Lucene is an open-source Java full-text search library. It makes it easy to add search functionality to an application or website. After some studying about the best way to handle the work I started last week I found that this is the best tool to use for going through the SNOMED CT files.
The files were made to be put straight into a database. Because we do not plan on doing that, indexing seems to be the next best thing. Basically what Lucene gave me is the ability to take the files and index them so that I could easily search for the information I needed for my reference terms and cut down the time it was taking to process the information in the SNOMED files. So for each line in the file I split it on the tab delimiters and told lucene what each column is so that I could search on the data contained in that column. So for instance in the sct2_Relationship_Full_INT_20130131 it has sourceId and destinationId I need to search on.

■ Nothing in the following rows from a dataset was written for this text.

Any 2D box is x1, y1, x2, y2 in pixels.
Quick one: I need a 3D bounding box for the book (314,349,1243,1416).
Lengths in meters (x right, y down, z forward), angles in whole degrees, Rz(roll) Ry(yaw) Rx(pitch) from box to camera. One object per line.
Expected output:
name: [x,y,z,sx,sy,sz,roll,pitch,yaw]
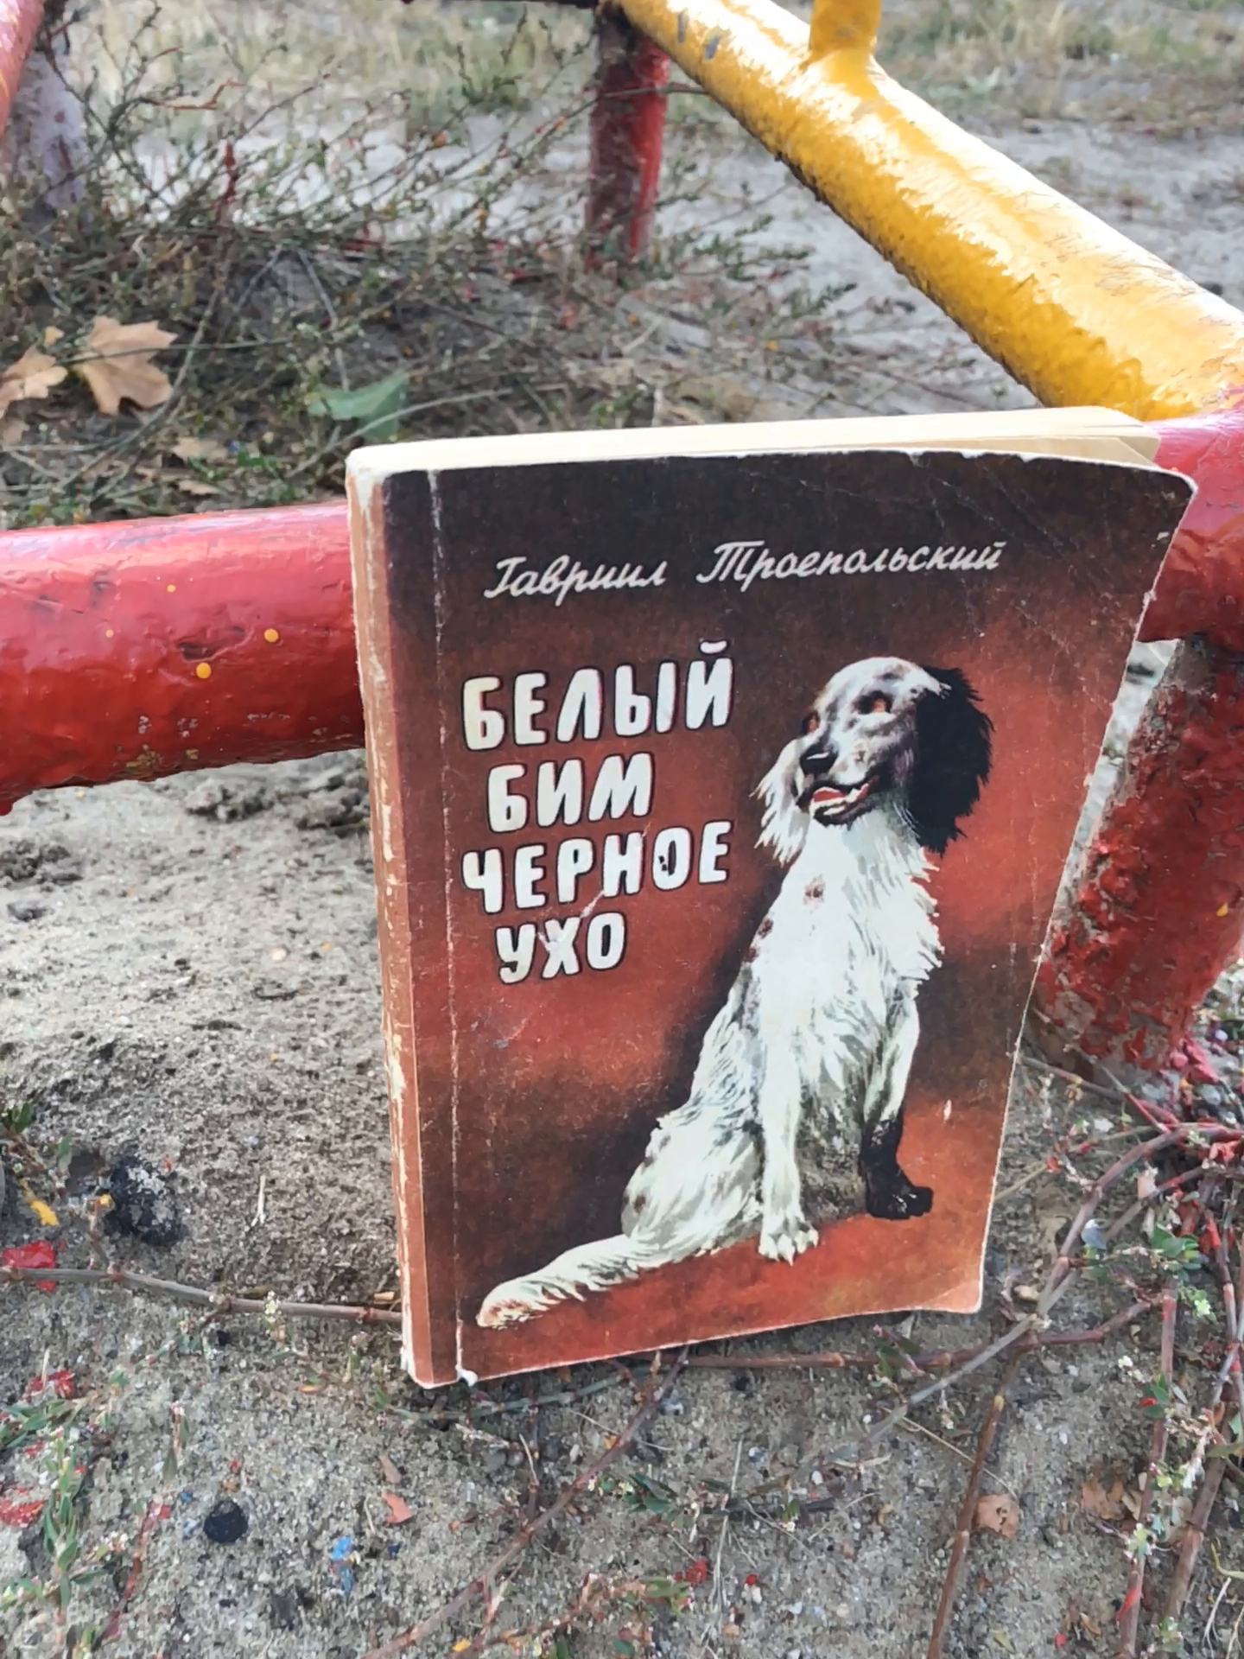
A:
book: [0.021,0.021,0.247,0.130,0.196,0.030,-6,35,-12]
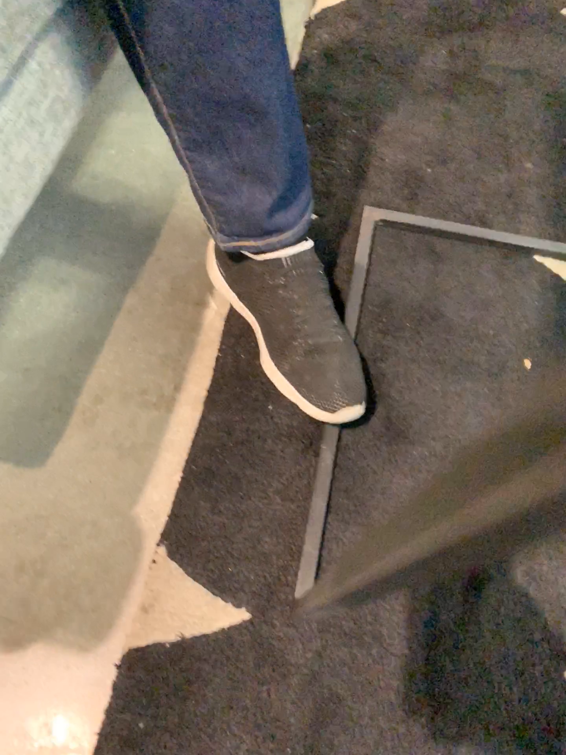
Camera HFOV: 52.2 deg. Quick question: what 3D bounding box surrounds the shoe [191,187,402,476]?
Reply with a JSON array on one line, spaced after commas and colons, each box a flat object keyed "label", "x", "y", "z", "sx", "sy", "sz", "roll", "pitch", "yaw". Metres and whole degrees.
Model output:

So, I put that into a StringField:
doc.add(new StringField(“sourceId”, fileFields, Field.Store.YES));
doc.add(new StringField(“destinationId”, fileFields, Field.Store.YES));
This makes it so that I can tell it I want to find termId “1234” in the sourceId field.
What the structure looks like:
Index –> Document1, Document2, etc… –>Field1, Field2, etc…
Lucene was not hard to learn to use. But it is only an API all of the hard part of indexing is done but it is up to the user to figure out how to parse the file data into Lucene and how you want to get the data out which has to do with how you put the data into the Documents.
Lucene managed to cut the search processing time and made it more than 10 times faster.